──────── Records for processing ────────

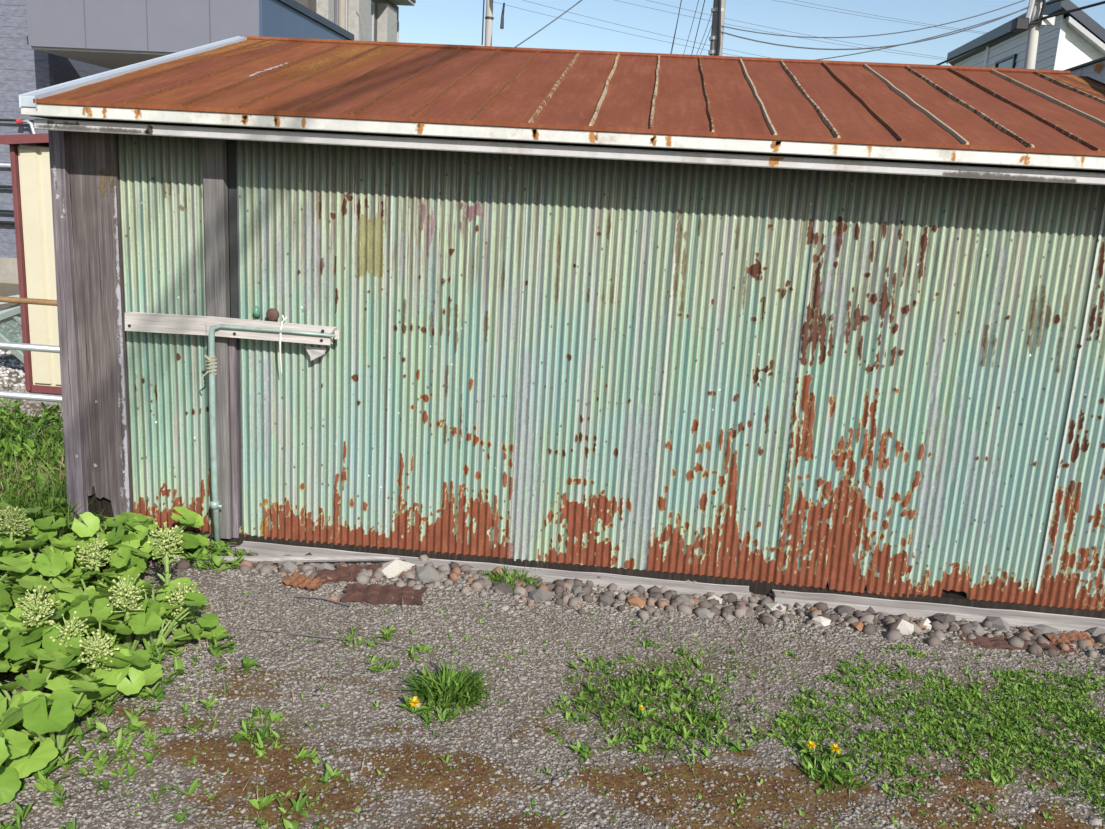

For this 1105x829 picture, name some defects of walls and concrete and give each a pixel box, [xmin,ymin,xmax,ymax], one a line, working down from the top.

corrosion [82,40,277,87]
corrosion [286,45,394,76]
corrosion [650,135,672,146]
peeling [418,202,434,257]
peeling [459,201,483,230]
corrosion [393,296,458,352]
corrosion [537,210,1105,611]
corrosion [239,365,515,559]
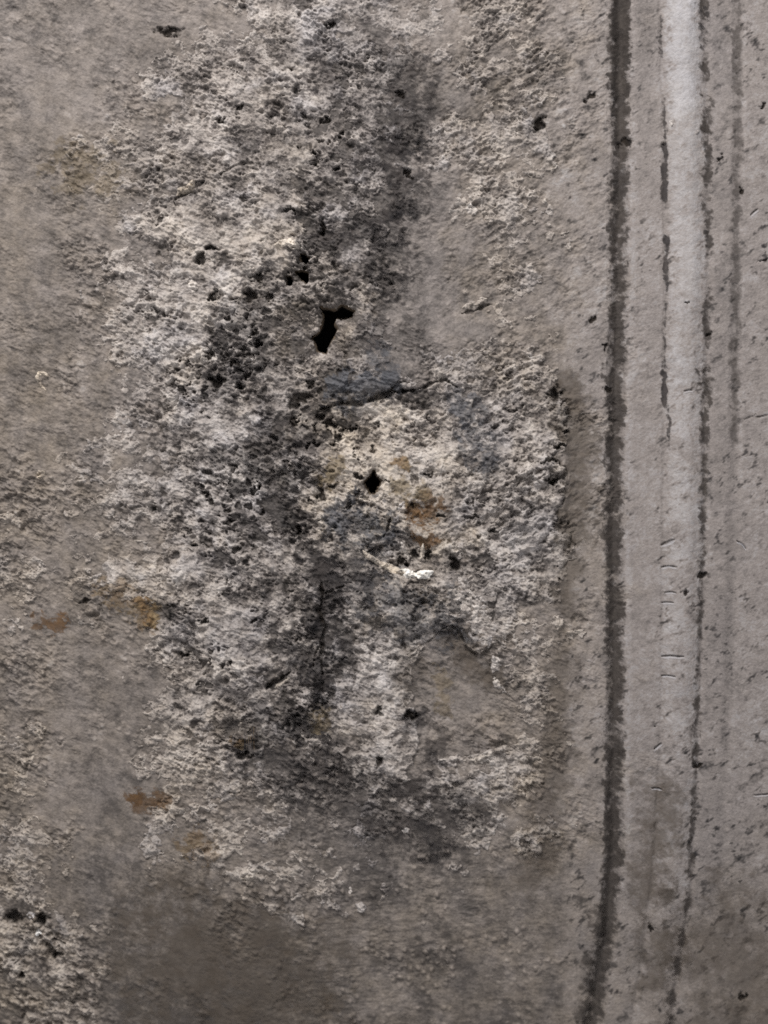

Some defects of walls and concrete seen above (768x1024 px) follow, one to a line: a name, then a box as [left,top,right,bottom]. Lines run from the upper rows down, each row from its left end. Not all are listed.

water stain [313,137,433,258]
spalling [533,117,545,131]
water stain [605,0,631,96]
water stain [700,94,714,133]
peeling [462,297,488,309]
water stain [660,235,671,438]
corrosion [63,0,584,930]
water stain [550,372,601,546]
peeling [360,545,587,748]
water stain [685,657,701,877]
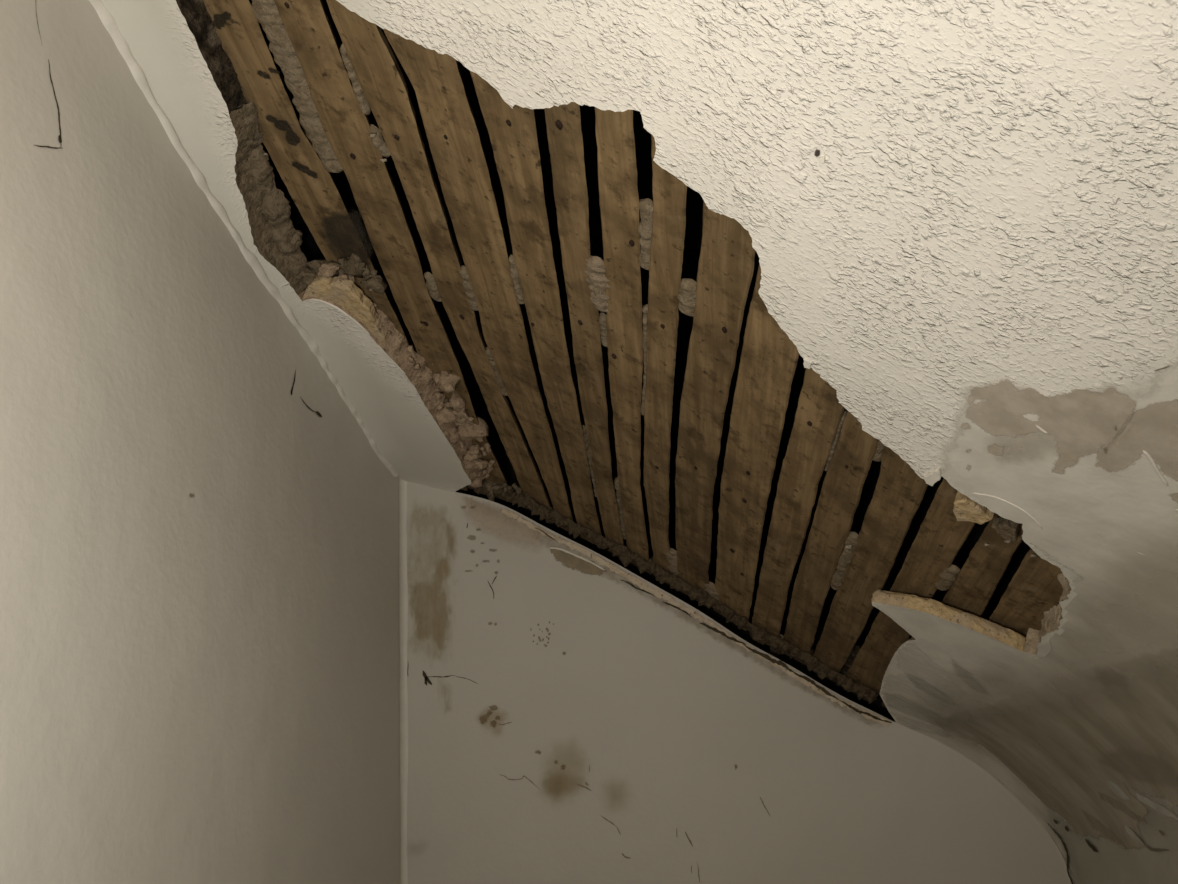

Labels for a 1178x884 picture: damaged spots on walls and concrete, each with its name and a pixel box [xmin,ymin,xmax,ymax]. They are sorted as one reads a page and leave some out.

spalling [176,0,891,726]
flaking render [872,363,1178,884]
leakage [941,573,1178,853]

────────

▸ **To do**: Reproduce each entry word for word and cut the images.

▸ **Reply to the task**:
For this 1105x829 picture, name some defects of walls and concrete and give each a pixel box, [xmin,ymin,xmax,ymax], one a line, working down from the top.

corrosion [82,40,277,87]
corrosion [286,45,394,76]
corrosion [650,135,672,146]
peeling [418,202,434,257]
peeling [459,201,483,230]
corrosion [393,296,458,352]
corrosion [537,210,1105,611]
corrosion [239,365,515,559]

Some defects of walls and concrete seen above (768x1024 px) follow, one to a line: a name, then a box as [left,top,right,bottom]. Lines run from the upper rows down, each row from its left end. Not all are listed.

water stain [313,137,433,258]
spalling [533,117,545,131]
water stain [605,0,631,96]
water stain [700,94,714,133]
peeling [462,297,488,309]
water stain [660,235,671,438]
corrosion [63,0,584,930]
water stain [550,372,601,546]
peeling [360,545,587,748]
water stain [685,657,701,877]

Labels for a 1178x884 picture: damaged spots on walls and concrete, each with its name and a pixel box [xmin,ymin,xmax,ymax]. They are sorted as one reads a page and leave some out.

spalling [176,0,891,726]
flaking render [872,363,1178,884]
leakage [941,573,1178,853]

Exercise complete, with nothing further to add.